*** Data ***
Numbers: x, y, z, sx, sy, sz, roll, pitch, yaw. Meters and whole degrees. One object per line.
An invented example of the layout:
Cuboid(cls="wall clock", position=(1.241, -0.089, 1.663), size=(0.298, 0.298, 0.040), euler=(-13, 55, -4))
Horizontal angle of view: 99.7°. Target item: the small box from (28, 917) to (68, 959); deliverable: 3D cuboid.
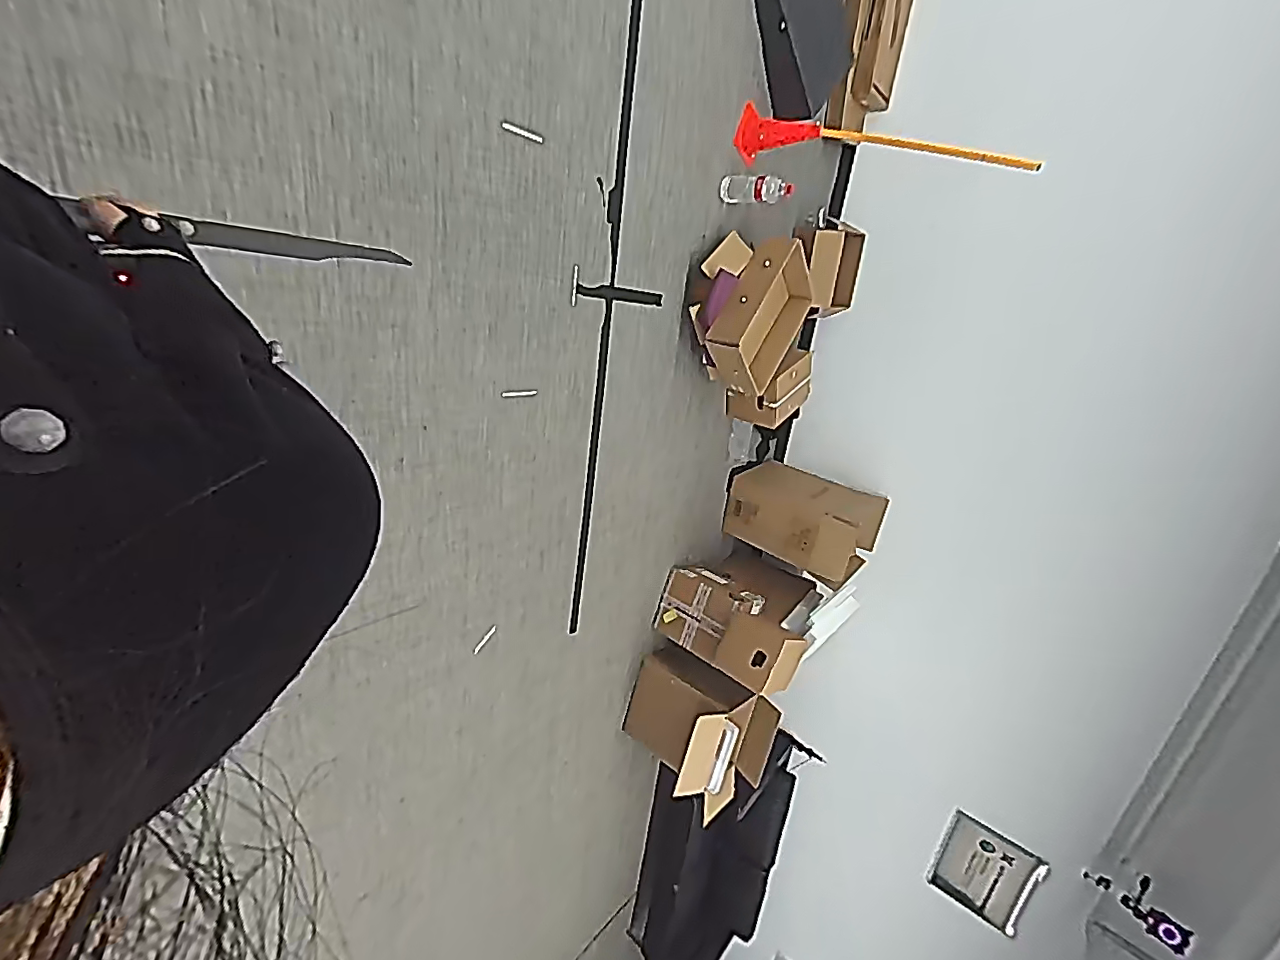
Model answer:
Cuboid(cls="small box", position=(-1.427, 1.146, 1.217), size=(0.168, 0.176, 0.179), euler=(-24, 126, -45))

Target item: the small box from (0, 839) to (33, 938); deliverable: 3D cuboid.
Cuboid(cls="small box", position=(-1.401, 0.887, 1.110), size=(0.168, 0.176, 0.179), euler=(-18, 123, -48))

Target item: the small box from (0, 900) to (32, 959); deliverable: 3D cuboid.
Cuboid(cls="small box", position=(-1.279, 0.950, 1.019), size=(0.168, 0.176, 0.179), euler=(-14, 120, -50))
***
• **What is needed**: Your output must be the exact lines from the one containing "Target item: the small box from (0, 839)" through the end of the data above, both included, and nothing more.

• **Finished exercise**:
Target item: the small box from (0, 839) to (33, 938); deliverable: 3D cuboid.
Cuboid(cls="small box", position=(-1.401, 0.887, 1.110), size=(0.168, 0.176, 0.179), euler=(-18, 123, -48))

Target item: the small box from (0, 900) to (32, 959); deliverable: 3D cuboid.
Cuboid(cls="small box", position=(-1.279, 0.950, 1.019), size=(0.168, 0.176, 0.179), euler=(-14, 120, -50))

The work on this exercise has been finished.